[Records from a collection]
==============================

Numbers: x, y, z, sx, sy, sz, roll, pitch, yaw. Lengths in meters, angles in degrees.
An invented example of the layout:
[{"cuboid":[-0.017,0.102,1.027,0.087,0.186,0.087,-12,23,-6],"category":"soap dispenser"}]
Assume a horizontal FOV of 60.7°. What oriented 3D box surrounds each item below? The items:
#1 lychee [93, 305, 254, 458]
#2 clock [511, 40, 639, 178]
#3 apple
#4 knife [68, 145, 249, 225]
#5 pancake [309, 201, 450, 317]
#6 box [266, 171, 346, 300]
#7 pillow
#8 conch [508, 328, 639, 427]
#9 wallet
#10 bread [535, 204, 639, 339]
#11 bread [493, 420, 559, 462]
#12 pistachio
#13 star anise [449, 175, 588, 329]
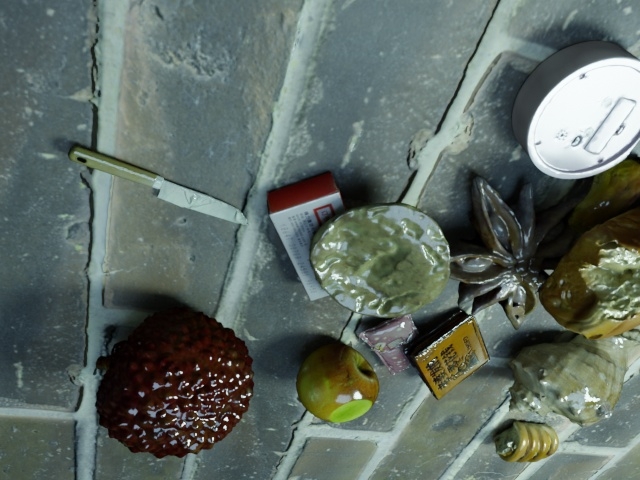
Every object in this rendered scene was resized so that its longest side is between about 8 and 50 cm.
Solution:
[{"cuboid":[-0.268,0.251,0.980,0.300,0.264,0.264,12,129,4],"category":"lychee"},{"cuboid":[0.395,-0.192,0.820,0.196,0.068,0.197,-4,131,-5],"category":"clock"},{"cuboid":[0.031,0.294,1.127,0.147,0.146,0.163,-41,139,15],"category":"apple"},{"cuboid":[-0.243,-0.078,0.861,0.297,0.017,0.047,19,127,-27],"category":"knife"},{"cuboid":[0.102,0.029,0.904,0.241,0.050,0.242,1,127,2],"category":"pancake"},{"cuboid":[0.000,0.000,0.938,0.123,0.050,0.229,-19,129,6],"category":"box"},{"cuboid":[0.164,0.216,1.149,0.118,0.043,0.185,-28,131,8],"category":"pillow"},{"cuboid":[0.571,0.317,1.214,0.324,0.186,0.263,-17,152,10],"category":"conch"},{"cuboid":[0.277,0.249,1.163,0.161,0.042,0.195,-33,128,-3],"category":"wallet"},{"cuboid":[0.527,0.048,0.904,0.344,0.149,0.195,-18,141,-33],"category":"bread"},{"cuboid":[0.548,0.536,1.447,0.177,0.084,0.119,8,129,-19],"category":"bread"},{"cuboid":[0.485,-0.078,0.904,0.173,0.049,0.089,-41,109,-7],"category":"pistachio"},{"cuboid":[0.344,0.032,0.975,0.349,0.109,0.292,4,123,-15],"category":"star anise"}]
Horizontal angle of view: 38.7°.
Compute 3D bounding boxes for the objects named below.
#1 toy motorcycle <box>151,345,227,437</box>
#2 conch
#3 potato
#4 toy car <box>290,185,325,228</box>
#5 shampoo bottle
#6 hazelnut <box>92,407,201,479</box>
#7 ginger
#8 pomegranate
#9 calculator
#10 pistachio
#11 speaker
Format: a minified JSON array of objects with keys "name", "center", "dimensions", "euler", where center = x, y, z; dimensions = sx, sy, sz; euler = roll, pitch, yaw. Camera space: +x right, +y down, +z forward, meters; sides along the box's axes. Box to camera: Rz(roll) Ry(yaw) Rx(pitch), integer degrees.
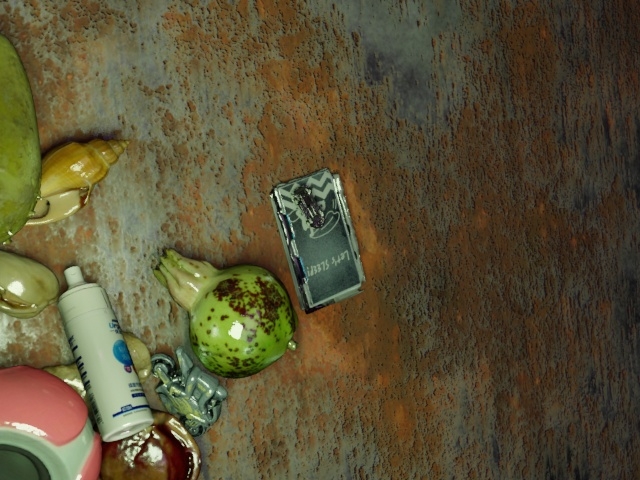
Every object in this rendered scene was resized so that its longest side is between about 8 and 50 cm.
[{"name":"toy motorcycle","center":[-0.235,0.280,1.686],"dimensions":[0.061,0.124,0.193],"euler":[-69,140,-63]},{"name":"conch","center":[-0.470,-0.089,1.562],"dimensions":[0.330,0.093,0.109],"euler":[-30,125,-6]},{"name":"potato","center":[-0.575,-0.162,1.416],"dimensions":[0.270,0.219,0.359],"euler":[-2,80,-17]},{"name":"toy car","center":[-0.024,-0.064,1.816],"dimensions":[0.041,0.025,0.093],"euler":[-35,105,-25]},{"name":"shampoo bottle","center":[-0.374,0.183,1.546],"dimensions":[0.092,0.092,0.303],"euler":[-13,69,-30]},{"name":"hazelnut","center":[-0.320,0.381,1.609],"dimensions":[0.202,0.161,0.170],"euler":[11,81,-38]},{"name":"ginger","center":[-0.404,0.243,1.606],"dimensions":[0.213,0.074,0.137],"euler":[-30,87,-30]},{"name":"pomegranate","center":[-0.164,0.112,1.671],"dimensions":[0.204,0.222,0.276],"euler":[-28,89,-7]},{"name":"calculator","center":[0.000,0.000,1.865],"dimensions":[0.166,0.028,0.274],"euler":[-21,102,-29]},{"name":"pistachio","center":[-0.511,0.069,1.526],"dimensions":[0.149,0.113,0.113],"euler":[39,72,-18]},{"name":"speaker","center":[-0.493,0.348,1.446],"dimensions":[0.294,0.294,0.294],"euler":[-1,92,-31]}]
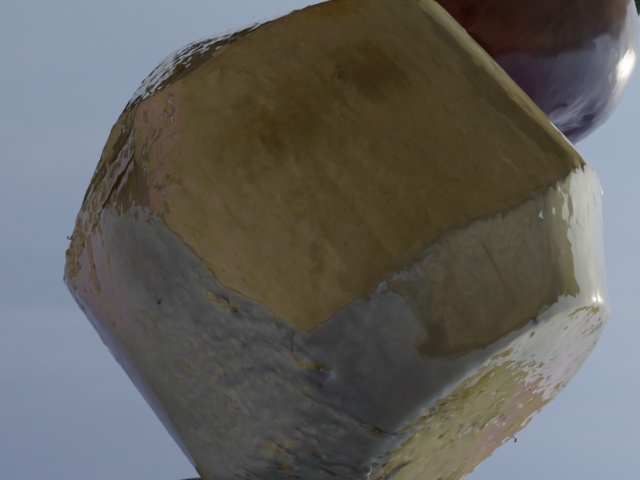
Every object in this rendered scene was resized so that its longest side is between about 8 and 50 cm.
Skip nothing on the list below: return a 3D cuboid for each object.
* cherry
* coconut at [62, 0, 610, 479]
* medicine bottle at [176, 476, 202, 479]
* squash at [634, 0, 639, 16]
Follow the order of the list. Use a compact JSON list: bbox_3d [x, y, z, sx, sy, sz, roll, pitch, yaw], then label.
[{"bbox_3d":[0.123,-0.177,0.994,0.239,0.239,0.206,-21,-164,-37],"label":"cherry"},{"bbox_3d":[-0.001,0.002,0.615,0.241,0.241,0.241,-1,-155,0],"label":"coconut"},{"bbox_3d":[-0.043,0.190,0.701,0.147,0.147,0.247,13,180,28],"label":"medicine bottle"},{"bbox_3d":[0.308,-0.253,1.197,0.052,0.183,0.052,29,-145,-23],"label":"squash"}]
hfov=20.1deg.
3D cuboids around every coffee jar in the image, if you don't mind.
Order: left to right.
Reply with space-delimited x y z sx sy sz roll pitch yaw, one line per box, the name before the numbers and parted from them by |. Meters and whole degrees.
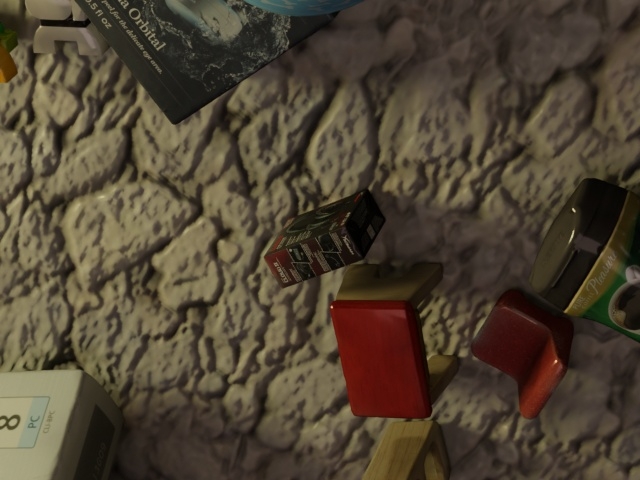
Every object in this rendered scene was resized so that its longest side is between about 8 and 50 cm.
coffee jar | 0.245 0.033 1.278 0.184 0.079 0.096 28 128 2

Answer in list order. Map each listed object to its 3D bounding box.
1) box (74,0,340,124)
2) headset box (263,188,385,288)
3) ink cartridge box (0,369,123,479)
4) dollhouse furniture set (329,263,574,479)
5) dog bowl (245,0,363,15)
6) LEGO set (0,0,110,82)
box | -0.081 -0.192 1.256 0.158 0.093 0.156 -30 105 30
headset box | 0.000 0.000 1.358 0.083 0.062 0.032 -19 111 29
ink cartridge box | -0.380 0.260 1.498 0.385 0.308 0.091 -3 143 21
dollhouse furniture set | 0.127 0.211 1.381 0.201 0.152 0.374 -1 118 21
dog bowl | -0.025 -0.284 1.131 0.166 0.074 0.297 -22 103 -7
LEGO set | -0.281 -0.176 1.342 0.227 0.087 0.093 5 121 16
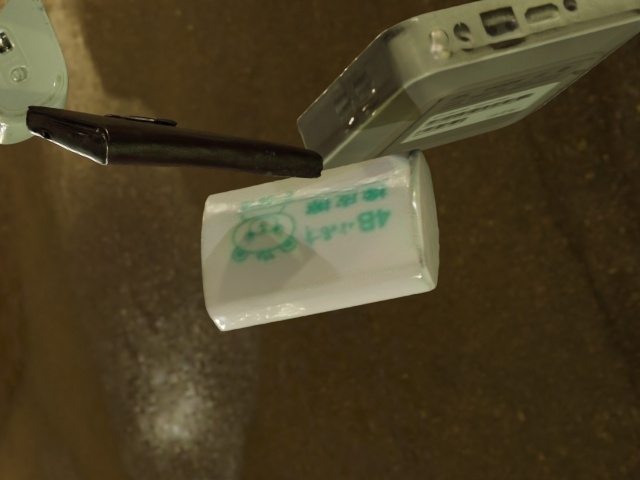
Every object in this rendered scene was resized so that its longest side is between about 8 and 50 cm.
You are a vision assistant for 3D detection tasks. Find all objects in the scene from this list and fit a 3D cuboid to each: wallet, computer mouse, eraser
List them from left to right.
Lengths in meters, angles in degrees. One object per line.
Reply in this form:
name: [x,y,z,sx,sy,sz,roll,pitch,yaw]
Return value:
computer mouse: [-0.417,-0.259,1.730,0.097,0.159,0.288,5,125,59]
wallet: [-0.159,-0.108,1.552,0.172,0.318,0.045,19,101,44]
eraser: [0.000,0.000,1.763,0.104,0.290,0.189,57,-155,-55]

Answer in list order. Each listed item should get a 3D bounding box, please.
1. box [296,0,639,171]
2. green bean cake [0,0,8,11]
box: [0.200,-0.223,1.915,0.111,0.396,0.396,69,156,8]
green bean cake: [-0.403,-0.278,1.416,0.085,0.109,0.179,34,162,30]
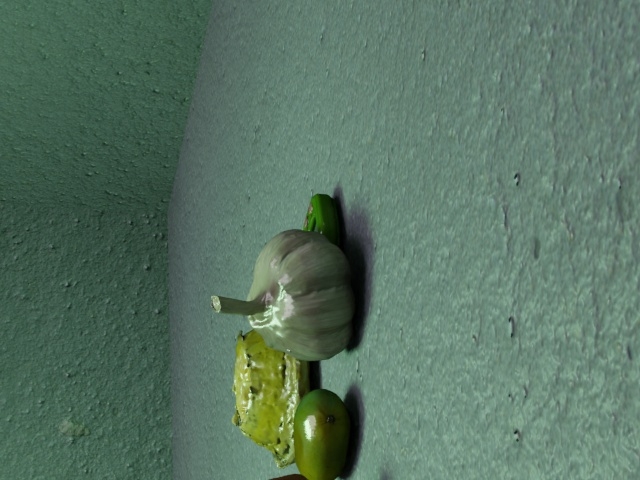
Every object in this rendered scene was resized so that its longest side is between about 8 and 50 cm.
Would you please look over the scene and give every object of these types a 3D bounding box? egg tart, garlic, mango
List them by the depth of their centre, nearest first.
[{"bbox_3d":[-0.064,0.097,1.671,0.218,0.212,0.218,36,132,54],"label":"garlic"},{"bbox_3d":[0.003,0.312,1.681,0.122,0.085,0.191,-117,21,-44],"label":"mango"},{"bbox_3d":[-0.095,0.264,1.988,0.315,0.120,0.315,-179,90,-75],"label":"egg tart"}]

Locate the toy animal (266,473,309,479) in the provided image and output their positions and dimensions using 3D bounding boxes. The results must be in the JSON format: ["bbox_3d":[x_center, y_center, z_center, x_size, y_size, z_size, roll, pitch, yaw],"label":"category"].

==============================

* _What is expected_: Print the lines above from the one with "#9 calculator" through the one with "Format: a minified", both included, exactly as written and nothing more.

* _Completed task_:
#9 calculator
#10 pistachio
#11 speaker
Format: a minified JSON array of objects with keys "name", "center", "dimensions", "euler", where center = x, y, z; dimensions = sx, sy, sz; euler = roll, pitch, yaw. Camera space: +x right, +y down, +z forward, meters; sides along the box's axes. Box to camera: Rz(roll) Ry(yaw) Rx(pitch), integer degrees.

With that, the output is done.